■ **WHAT THE EXERCISE ASKS**:
Nothing but the lines from the one containing "81.667934347), (-155.472429705, -58.332065653))" through the one containing "Circle(CROQUIS1_R_3, mode=Mode.SUBTRACT)", both included, should be given again, each exactly as written below.

■ **RECORDS FOR PROCESSING**:
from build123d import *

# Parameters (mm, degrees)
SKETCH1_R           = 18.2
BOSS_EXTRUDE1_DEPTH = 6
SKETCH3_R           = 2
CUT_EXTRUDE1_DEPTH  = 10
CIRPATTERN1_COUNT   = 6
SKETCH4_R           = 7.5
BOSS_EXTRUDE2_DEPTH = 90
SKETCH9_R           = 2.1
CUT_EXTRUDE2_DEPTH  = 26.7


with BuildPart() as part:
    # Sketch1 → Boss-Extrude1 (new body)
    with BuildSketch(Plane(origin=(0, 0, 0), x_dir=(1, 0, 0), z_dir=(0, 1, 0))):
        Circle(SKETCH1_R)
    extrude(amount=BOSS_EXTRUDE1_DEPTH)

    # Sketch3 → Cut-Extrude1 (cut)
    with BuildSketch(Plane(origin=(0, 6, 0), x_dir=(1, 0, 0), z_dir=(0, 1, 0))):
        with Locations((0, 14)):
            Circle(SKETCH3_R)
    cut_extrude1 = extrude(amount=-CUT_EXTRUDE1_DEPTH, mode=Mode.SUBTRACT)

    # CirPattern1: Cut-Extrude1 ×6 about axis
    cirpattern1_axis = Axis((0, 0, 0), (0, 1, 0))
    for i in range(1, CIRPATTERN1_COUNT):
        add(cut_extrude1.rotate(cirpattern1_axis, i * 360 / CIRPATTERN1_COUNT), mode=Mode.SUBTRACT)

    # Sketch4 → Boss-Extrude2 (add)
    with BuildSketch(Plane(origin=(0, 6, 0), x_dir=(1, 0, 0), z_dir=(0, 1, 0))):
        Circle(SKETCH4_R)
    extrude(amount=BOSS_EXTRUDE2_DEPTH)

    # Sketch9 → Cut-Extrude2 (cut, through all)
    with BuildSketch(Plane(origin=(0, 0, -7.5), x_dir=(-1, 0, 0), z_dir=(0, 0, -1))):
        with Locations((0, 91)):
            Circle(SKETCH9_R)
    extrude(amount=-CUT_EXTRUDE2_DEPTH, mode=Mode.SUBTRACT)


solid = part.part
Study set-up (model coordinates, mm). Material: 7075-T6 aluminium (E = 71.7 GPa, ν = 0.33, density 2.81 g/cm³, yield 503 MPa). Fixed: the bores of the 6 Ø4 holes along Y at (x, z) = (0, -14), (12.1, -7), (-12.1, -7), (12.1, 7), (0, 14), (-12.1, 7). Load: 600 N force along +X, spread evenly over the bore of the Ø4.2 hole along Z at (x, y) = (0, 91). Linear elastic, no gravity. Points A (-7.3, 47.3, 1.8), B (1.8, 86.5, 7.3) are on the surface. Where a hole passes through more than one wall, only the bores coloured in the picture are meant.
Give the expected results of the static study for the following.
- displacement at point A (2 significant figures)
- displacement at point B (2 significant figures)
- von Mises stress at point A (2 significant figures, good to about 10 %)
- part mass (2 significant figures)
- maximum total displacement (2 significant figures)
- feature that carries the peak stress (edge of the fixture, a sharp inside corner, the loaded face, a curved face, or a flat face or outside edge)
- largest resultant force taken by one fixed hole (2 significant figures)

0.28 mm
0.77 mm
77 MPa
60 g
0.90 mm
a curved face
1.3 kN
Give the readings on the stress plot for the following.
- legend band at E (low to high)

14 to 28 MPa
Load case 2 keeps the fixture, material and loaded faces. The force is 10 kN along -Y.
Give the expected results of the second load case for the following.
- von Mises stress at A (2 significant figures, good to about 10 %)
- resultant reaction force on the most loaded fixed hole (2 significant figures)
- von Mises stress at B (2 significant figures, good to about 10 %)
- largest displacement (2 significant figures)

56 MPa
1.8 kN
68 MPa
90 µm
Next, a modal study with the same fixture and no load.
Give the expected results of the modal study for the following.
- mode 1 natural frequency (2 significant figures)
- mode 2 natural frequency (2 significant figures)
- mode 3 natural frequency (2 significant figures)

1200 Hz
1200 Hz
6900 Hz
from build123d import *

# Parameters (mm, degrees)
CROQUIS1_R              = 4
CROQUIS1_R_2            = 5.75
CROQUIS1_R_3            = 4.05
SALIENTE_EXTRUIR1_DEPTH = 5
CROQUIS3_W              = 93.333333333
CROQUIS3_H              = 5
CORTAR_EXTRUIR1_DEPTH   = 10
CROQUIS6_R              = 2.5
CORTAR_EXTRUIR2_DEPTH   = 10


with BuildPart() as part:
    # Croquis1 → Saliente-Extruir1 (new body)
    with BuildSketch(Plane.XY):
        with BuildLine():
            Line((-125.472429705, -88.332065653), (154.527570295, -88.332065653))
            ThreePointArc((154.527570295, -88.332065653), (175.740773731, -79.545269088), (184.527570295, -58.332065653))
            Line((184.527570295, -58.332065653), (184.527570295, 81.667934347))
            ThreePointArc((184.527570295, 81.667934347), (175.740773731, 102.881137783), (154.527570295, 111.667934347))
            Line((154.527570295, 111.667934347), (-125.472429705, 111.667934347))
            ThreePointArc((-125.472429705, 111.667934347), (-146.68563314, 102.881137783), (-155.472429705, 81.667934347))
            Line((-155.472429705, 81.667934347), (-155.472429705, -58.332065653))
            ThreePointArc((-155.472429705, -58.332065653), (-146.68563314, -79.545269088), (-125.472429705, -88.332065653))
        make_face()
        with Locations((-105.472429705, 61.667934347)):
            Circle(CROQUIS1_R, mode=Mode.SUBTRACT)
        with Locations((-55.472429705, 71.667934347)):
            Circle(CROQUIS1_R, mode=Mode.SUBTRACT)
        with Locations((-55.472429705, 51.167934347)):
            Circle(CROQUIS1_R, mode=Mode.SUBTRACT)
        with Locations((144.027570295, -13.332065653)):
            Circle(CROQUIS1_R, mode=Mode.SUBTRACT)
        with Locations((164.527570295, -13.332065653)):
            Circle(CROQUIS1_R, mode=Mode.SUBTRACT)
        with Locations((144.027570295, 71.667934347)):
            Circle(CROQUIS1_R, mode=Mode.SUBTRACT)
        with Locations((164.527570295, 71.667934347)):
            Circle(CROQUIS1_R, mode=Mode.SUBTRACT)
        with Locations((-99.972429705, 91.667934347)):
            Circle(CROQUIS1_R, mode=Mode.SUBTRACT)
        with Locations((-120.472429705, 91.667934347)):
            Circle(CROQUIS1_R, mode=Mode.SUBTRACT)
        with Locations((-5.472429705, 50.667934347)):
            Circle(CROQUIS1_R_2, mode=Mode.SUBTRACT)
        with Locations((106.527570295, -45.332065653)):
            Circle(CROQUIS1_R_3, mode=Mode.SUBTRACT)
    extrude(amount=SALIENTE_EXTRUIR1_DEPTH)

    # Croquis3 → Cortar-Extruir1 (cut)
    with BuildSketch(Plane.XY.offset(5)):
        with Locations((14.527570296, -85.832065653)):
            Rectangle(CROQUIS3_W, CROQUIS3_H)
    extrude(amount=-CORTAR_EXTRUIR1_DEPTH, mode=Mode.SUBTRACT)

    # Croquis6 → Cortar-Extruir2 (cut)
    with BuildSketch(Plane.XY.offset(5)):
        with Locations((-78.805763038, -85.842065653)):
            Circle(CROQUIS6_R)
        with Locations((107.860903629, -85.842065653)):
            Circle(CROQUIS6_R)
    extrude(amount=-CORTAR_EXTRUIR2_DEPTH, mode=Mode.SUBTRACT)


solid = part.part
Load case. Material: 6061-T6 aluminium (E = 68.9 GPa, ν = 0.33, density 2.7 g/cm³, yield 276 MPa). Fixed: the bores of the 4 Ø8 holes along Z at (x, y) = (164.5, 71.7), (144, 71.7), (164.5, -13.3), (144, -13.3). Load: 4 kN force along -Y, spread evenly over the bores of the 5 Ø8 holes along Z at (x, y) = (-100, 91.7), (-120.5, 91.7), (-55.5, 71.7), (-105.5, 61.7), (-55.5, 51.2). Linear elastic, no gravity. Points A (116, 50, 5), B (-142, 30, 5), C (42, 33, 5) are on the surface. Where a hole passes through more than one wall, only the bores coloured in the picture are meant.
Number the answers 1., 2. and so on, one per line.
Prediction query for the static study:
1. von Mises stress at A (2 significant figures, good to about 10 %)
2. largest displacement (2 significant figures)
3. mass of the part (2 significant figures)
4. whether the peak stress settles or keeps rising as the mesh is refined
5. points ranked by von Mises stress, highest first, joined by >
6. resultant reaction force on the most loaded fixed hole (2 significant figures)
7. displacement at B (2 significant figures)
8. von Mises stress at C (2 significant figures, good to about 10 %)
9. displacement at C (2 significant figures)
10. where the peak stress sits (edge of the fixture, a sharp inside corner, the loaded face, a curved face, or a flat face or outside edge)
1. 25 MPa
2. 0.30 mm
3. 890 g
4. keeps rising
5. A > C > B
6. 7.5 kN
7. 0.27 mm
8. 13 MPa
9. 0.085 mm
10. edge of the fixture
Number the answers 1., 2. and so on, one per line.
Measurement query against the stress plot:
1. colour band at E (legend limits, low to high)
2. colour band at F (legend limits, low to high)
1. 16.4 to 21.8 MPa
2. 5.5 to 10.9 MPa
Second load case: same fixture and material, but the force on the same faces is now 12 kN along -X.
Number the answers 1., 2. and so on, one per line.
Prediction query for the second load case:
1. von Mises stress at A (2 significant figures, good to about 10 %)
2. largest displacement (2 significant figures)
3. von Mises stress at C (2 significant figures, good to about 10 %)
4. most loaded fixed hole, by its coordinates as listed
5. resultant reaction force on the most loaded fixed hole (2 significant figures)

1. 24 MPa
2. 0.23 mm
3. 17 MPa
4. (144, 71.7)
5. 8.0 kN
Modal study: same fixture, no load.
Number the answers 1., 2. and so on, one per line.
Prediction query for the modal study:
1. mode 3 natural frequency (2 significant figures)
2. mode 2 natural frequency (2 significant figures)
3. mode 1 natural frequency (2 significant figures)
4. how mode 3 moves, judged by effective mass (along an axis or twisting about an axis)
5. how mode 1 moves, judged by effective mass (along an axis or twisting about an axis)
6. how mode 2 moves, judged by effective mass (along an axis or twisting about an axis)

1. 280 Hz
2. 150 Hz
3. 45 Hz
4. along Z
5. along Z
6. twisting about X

■ **REPLY TO THE EXERCISE**:
            Line((-155.472429705, 81.667934347), (-155.472429705, -58.332065653))
            ThreePointArc((-155.472429705, -58.332065653), (-146.68563314, -79.545269088), (-125.472429705, -88.332065653))
        make_face()
        with Locations((-105.472429705, 61.667934347)):
            Circle(CROQUIS1_R, mode=Mode.SUBTRACT)
        with Locations((-55.472429705, 71.667934347)):
            Circle(CROQUIS1_R, mode=Mode.SUBTRACT)
        with Locations((-55.472429705, 51.167934347)):
            Circle(CROQUIS1_R, mode=Mode.SUBTRACT)
        with Locations((144.027570295, -13.332065653)):
            Circle(CROQUIS1_R, mode=Mode.SUBTRACT)
        with Locations((164.527570295, -13.332065653)):
            Circle(CROQUIS1_R, mode=Mode.SUBTRACT)
        with Locations((144.027570295, 71.667934347)):
            Circle(CROQUIS1_R, mode=Mode.SUBTRACT)
        with Locations((164.527570295, 71.667934347)):
            Circle(CROQUIS1_R, mode=Mode.SUBTRACT)
        with Locations((-99.972429705, 91.667934347)):
            Circle(CROQUIS1_R, mode=Mode.SUBTRACT)
        with Locations((-120.472429705, 91.667934347)):
            Circle(CROQUIS1_R, mode=Mode.SUBTRACT)
        with Locations((-5.472429705, 50.667934347)):
            Circle(CROQUIS1_R_2, mode=Mode.SUBTRACT)
        with Locations((106.527570295, -45.332065653)):
            Circle(CROQUIS1_R_3, mode=Mode.SUBTRACT)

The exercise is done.